FIG. 2 is a top plan view of the preferred embodiment of the slit valve door of the present invention;

FIG. 2A is a cross-sectional view of the embodiment of FIG. 2 taken along section 2A-2A of FIG. 2;

FIG. 2B is an enlarged view of area B of FIG. 2A;

FIG. 2C is an enlarged view of area B of FIG. 2A with the seal contacting the extending chamber walls of a plasma chamber in the installed position;

FIG. 2D is an enlarged view of an alternative seal configuration which may be used within the invention;

FIG. 2E is an enlarged view of a further alternative seal configuration which may be used within the invention;

FIG. 3 is a partial cross-sectional side view of a further embodiment of the slit valve door of the present invention installed on a plasma chamber;

FIG. 4 is a partial cross-sectional side view of a further embodiment of the slit valve door of the present invention installed on a plasma chamber; and

FIG. 5 is a partial cross-sectional view of a further embodiment of the slit valve door of the present invention installed on a plasma chamber.

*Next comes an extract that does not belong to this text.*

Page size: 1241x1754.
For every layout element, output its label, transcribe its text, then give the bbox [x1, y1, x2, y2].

DETAILED DESCRIPTION OF THE INVENTION

Referring to the drawings, wherein like numerals are used to designate like components throughout the several figures, there are shown embodiments of slit valves having slit valve doors according to the invention. In the drawings, words like “inwardly” and “outwardly” and “interior” and “exterior” related to directions in the drawings that are either towards or away from the surface of the door or are towards or away from the interior of a reaction chamber with which the slit valve door would be used, respectively. These words and words of similar import and/or providing direction are meant as guidelines for giving understanding to the drawings and should not be considered otherwise as limitations of the scope of the invention.

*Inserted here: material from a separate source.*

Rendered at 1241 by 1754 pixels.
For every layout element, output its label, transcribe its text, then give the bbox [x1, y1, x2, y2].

The embodiments of the slit valve doors shown in the drawings and as described herein are preferred embodiments only are should not be considered as limiting and may be used with various reaction chambers or other chambers which have therein harsh chemicals, including plasmas, etchants, feed materials and the like, which may contact and/or deteriorate seals positioned for use the slit valve doors described herein. Such chambers are typically used in the semiconductor processing industry to conduct for example, plasma etching or chemical vapor or plasma deposition, although the present invention can be applied to any similar type chambers for use in other industries, including pharmaceutical, chemical processing, fluid handling, nuclear, downhole, aerospace and other industries.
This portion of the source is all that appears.